Assetmonk, an emerging and fast-growing alternative investment platform in India, focuses on delivering outstanding investment opportunities supported by real estate assets. With a significant presence in Mumbai, investors have the opportunity to explore a wide range of carefully selected, high-yielding projects sourced from the thriving private markets in the country. By investing a minimum of Rs. 10 lakhs in our structured debt offerings in commercial real estate, investors can confidently secure a guaranteed Internal Rate of Return (IRR) of 17 percent.
- A Comprehensive Guide On Fixed Income Investments.
- Structured Debt Backed by Real Estate vs. Debt Mutual Funds: Exploring Risk and Yield Potential.
- Structured Debt Backed by Real Estate vs Public Provident Fund.
Q1. How to invest 12 lakhs for monthly income?
A. The best way to invest Rs 12 lakhs for monthly income is structured debt real estate. Structured debt backed by real estate refers to investment products that offer fixed-income opportunities by utilizing real estate assets as collateral.

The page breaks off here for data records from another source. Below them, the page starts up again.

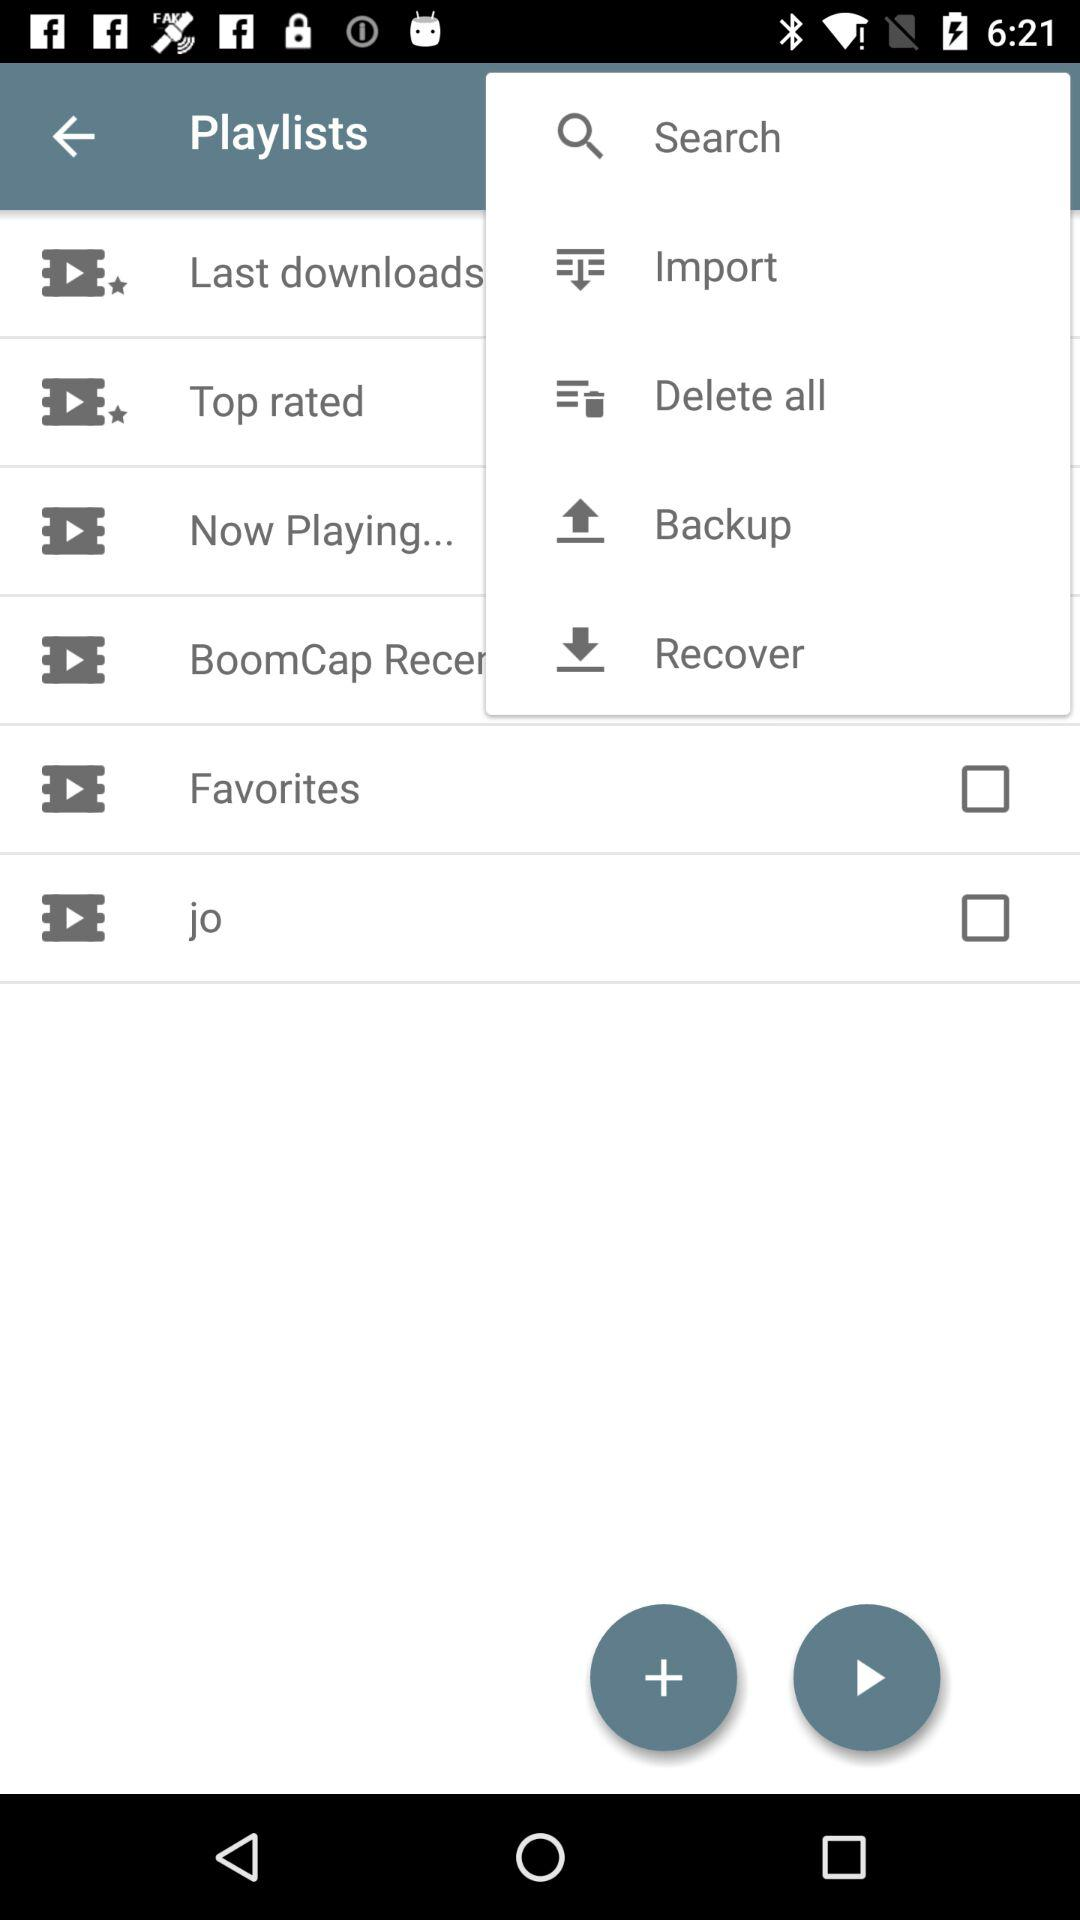What is the status of the "jo"? The status of the "jo" is "off". 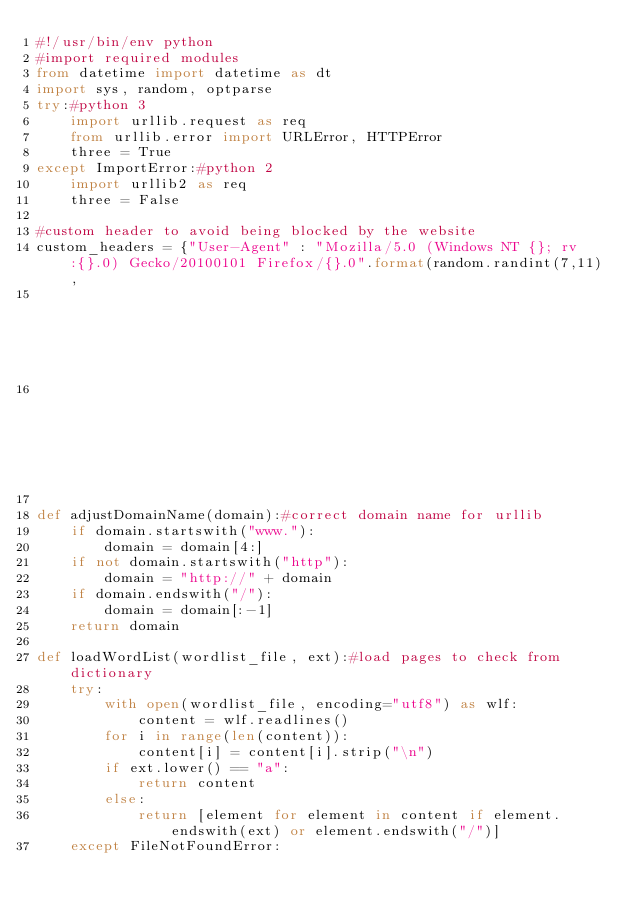Convert code to text. <code><loc_0><loc_0><loc_500><loc_500><_Python_>#!/usr/bin/env python
#import required modules
from datetime import datetime as dt
import sys, random, optparse
try:#python 3
    import urllib.request as req
    from urllib.error import URLError, HTTPError
    three = True
except ImportError:#python 2
    import urllib2 as req
    three = False

#custom header to avoid being blocked by the website
custom_headers = {"User-Agent" : "Mozilla/5.0 (Windows NT {}; rv:{}.0) Gecko/20100101 Firefox/{}.0".format(random.randint(7,11),
                                                                                                           random.randint(40,50),
                                                                                                           random.randint(35,50))}

def adjustDomainName(domain):#correct domain name for urllib
    if domain.startswith("www."):
        domain = domain[4:]
    if not domain.startswith("http"):
        domain = "http://" + domain
    if domain.endswith("/"):
        domain = domain[:-1]
    return domain

def loadWordList(wordlist_file, ext):#load pages to check from dictionary
    try:
        with open(wordlist_file, encoding="utf8") as wlf:
            content = wlf.readlines()
        for i in range(len(content)):
            content[i] = content[i].strip("\n")
        if ext.lower() == "a":
            return content
        else:
            return [element for element in content if element.endswith(ext) or element.endswith("/")]
    except FileNotFoundError:</code> 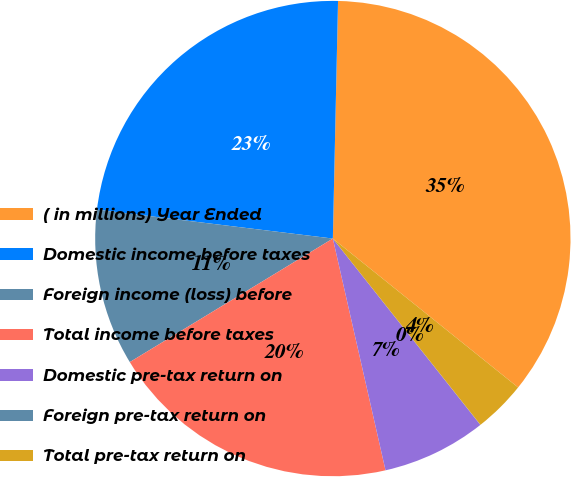<chart> <loc_0><loc_0><loc_500><loc_500><pie_chart><fcel>( in millions) Year Ended<fcel>Domestic income before taxes<fcel>Foreign income (loss) before<fcel>Total income before taxes<fcel>Domestic pre-tax return on<fcel>Foreign pre-tax return on<fcel>Total pre-tax return on<nl><fcel>35.43%<fcel>23.41%<fcel>10.64%<fcel>19.86%<fcel>7.1%<fcel>0.01%<fcel>3.56%<nl></chart>

Real estate-backed investments can offer attractive returns through interest payments and potential capital appreciation. Generally, these investments have the potential to yield returns ranging from 12 percent to 18 percent.
Q2. Which investment will give me monthly income?
A. Commercial real estate structured debts will give you monthly income. You only need to invest with just Rs. 10 lacs and get an assured iRR of 17 percent via Assetmonk.
Q3. How to invest 15 lakhs for monthly income?
A. Fixed deposits, Post Office Monthly Income Scheme, debt mutual funds, dividend-paying stocks, REITs, and systematic withdrawal plans offer avenues for 15 lakhs with consistent income.
Q4. Can I invest money and get monthly income?
A. Yes, you can invest money and get monthly income. In fact, the best way to invest and get monthly income is via real estate. You can get real estate monthly income via rental income.